-- INPUT FOR THIS TASK follows --

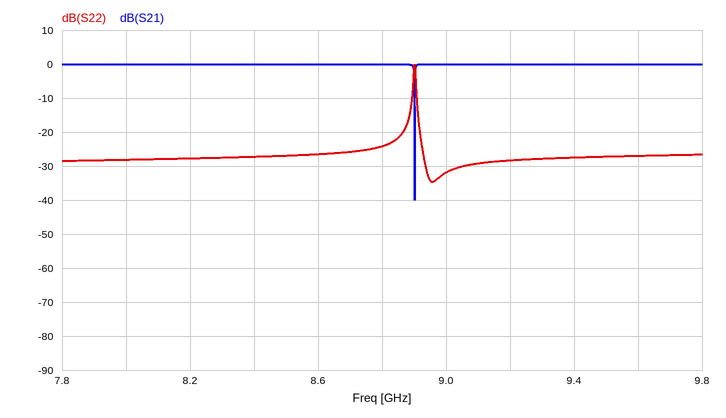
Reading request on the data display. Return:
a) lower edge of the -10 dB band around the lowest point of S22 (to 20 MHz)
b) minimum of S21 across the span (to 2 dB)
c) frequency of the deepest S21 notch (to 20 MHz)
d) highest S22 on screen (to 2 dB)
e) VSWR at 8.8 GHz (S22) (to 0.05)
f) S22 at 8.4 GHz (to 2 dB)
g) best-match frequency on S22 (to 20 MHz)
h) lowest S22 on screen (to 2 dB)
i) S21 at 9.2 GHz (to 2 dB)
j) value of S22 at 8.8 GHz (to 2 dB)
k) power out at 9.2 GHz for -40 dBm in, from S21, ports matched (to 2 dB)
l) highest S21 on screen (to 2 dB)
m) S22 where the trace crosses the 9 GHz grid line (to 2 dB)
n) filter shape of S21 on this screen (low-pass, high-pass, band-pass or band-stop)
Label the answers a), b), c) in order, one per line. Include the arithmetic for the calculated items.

-- INPUT FOR THIS TASK concluded --

REQUIRED ACTION: What I need is every record written out exactly, minus the pictures.

EXERCISE RESULT:
Reading request on the data display. Return:
a) lower edge of the -10 dB band around the lowest point of S22 (to 20 MHz)
b) minimum of S21 across the span (to 2 dB)
c) frequency of the deepest S21 notch (to 20 MHz)
d) highest S22 on screen (to 2 dB)
e) VSWR at 8.8 GHz (S22) (to 0.05)
f) S22 at 8.4 GHz (to 2 dB)
g) best-match frequency on S22 (to 20 MHz)
h) lowest S22 on screen (to 2 dB)
i) S21 at 9.2 GHz (to 2 dB)
j) value of S22 at 8.8 GHz (to 2 dB)
k) power out at 9.2 GHz for -40 dBm in, from S21, ports matched (to 2 dB)
l) highest S21 on screen (to 2 dB)
m) S22 where the trace crosses the 9 GHz grid line (to 2 dB)
n) filter shape of S21 on this screen (low-pass, high-pass, band-pass or band-stop)
Label the answers a), b), c) in order, one per line. Include the arithmetic for the calculated items.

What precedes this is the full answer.